2. Blozan, C.F. and S.A. Tucker, ``Premarket Notifications: The
First 24,000,'' pp. 59-69, Medical Device & Diagnostic Industry,
1986.
3. Geiger, D.R., ``FY 2003 and FY 2004 Unit Costs for the Process of
Medical Device Review,'' (http://www.fda.gov/downloads/MedicalDevices/DeviceRegulationandGuidance/Overview/MedicalDeviceUserFeeandModernizationActMDUFMA/ucm109216.pdf),
September 2005.
List of Subjects in 21 CFR Part 876
Medical devices.
Therefore, under the Federal Food, Drug, and Cosmetic Act and under
authority delegated to the Commissioner of Food and Drugs, it is
proposed that 21 CFR part 876 be amended as follows:
PART 876--GASTROENTEROLOGY-UROLOGY DEVICES
1. The authority citation for 21 CFR part 876 continues to read as
follows:
Authority: 21 U.S.C. 351, 360, 360c, 360e, 360j, 360l, 371.

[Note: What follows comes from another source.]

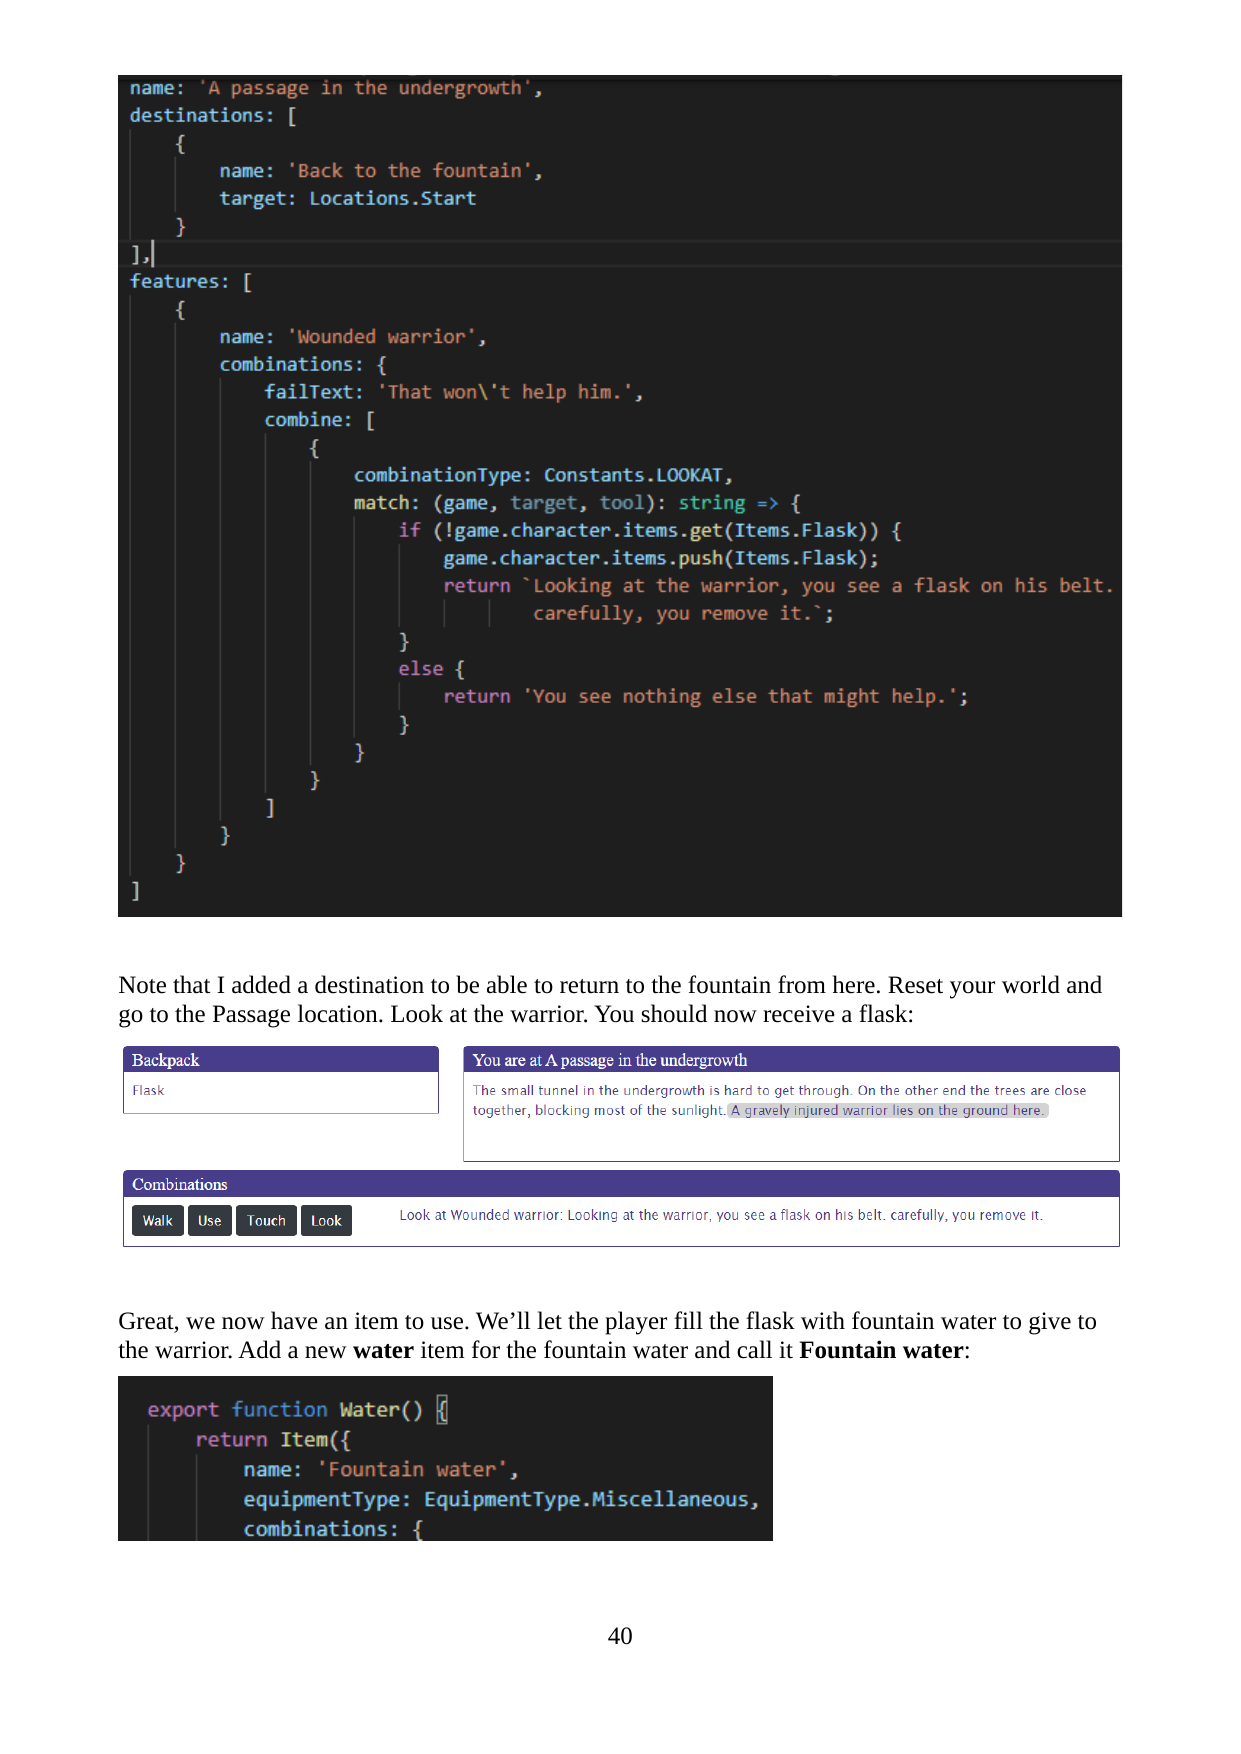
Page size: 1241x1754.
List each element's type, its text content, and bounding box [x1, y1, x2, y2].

text Great, we now have an item to use. We’ll let the player fill the flask with fountain water to give to the warrior. Add a new water item for the fountain water and call it Fountain water: [118, 1306, 1122, 1364]
text Note that I added a destination to be able to return to the fountain from here. Reset your world and go to the Passage location. Look at the warrior. You should now receive a flask: [118, 970, 1122, 1027]
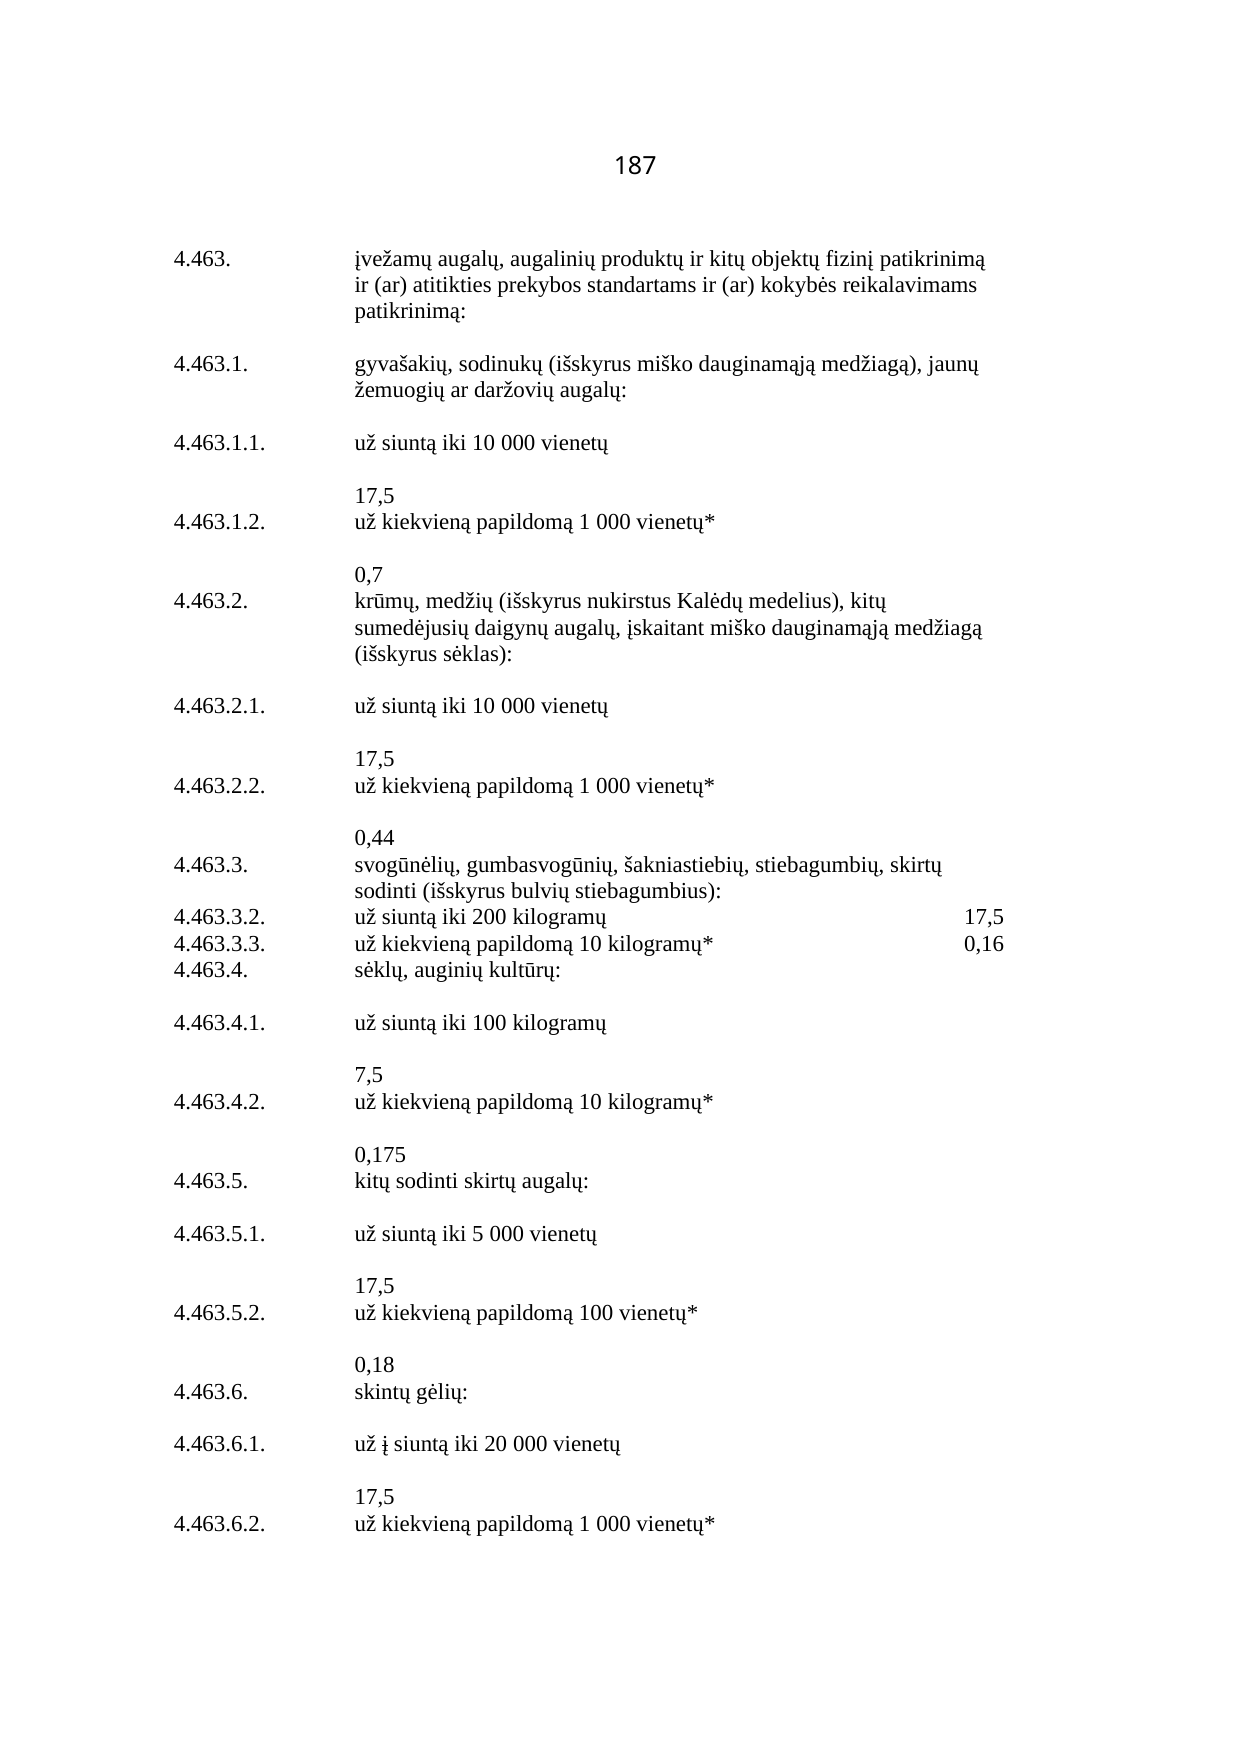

2. Section 876.5870 is amended by revising paragraphs (b) and (c)
to read as follows:
Sec. 876.5870 Sorbent hemoperfusion system.
* * * * *
(b) Classification. (1) Class II (special controls) when the device
is intended for the treatment of poisoning and drug overdose. The
special controls for this device are:
(i) The device should be demonstrated to be biocompatible;
(ii) Performance data to demonstrate the mechanical integrity of
the device (e.g., tensile, flexural, and structural strength),
including testing for the possibility of leaks, ruptures, release of
particles, and/or disconnections;
(iii) Performance data to demonstrate device sterility and shelf
life;
(iv) Bench performance data to demonstrate device functionality in
terms of substances, toxins, and drugs removed by the device, and the
extent that these are removed when the device is used according to its
labeling;
(v) Summary of clinical experience with the device that discusses
and analyzes device safety and performance, including a list of adverse
events observed during the testing;
(vi) Labeling controls, including appropriate warnings,
precautions, cautions, and contraindications statements to alert and
inform users of proper device use and potential clinical adverse
effects, including blood loss, platelet loss, leukopenia, hemolysis,
hypotension, clotting, metabolic disturbances, and loss of vital
nutrients and substances; Labeling recommendations must be consistent
with the performance data obtained for the device, and must include a
list of the drugs the device has been demonstrated to remove, and the
extent for removal/depletion; and
(vii) For those devices that incorporate electrical components,
appropriate analysis and testing to validate electrical safety and
electromagnetic compatibility.
(2) Class III (premarket approval) when the device is intended for
the treatment of hepatic coma and metabolic disturbances.
(c) Date premarket approval application (PMA) or notice of
completion of product development protocol (PDP) is required. A PMA or
notice of completion of a PDP is required to be filed with FDA on or
before [date 90 days after date of publication of the final rule in the
Federal Register], for any sorbent hemoperfusion system indicated for
treatment of hepatic coma or metabolic disturbances that was in
commercial distribution before May 28, 1976, or that has, on or before
[date 90 days after date of publication of the final rule in the
Federal Register], been found to be substantially equivalent to any
sorbent hemoperfusion device indicated for treatment of hepatic coma or
metabolic disturbances that was in commercial distribution before May
28, 1976. Any other sorbent hemoperfusion system device indicated for
treatment of hepatic coma or metabolic disturbances shall have an
approved PMA or declared completed PDP in effect before being placed in
commercial distribution.
Dated: February 14, 2012.
Nancy K. Stade,
Deputy Director for Policy, Center for Devices and Radiological Health.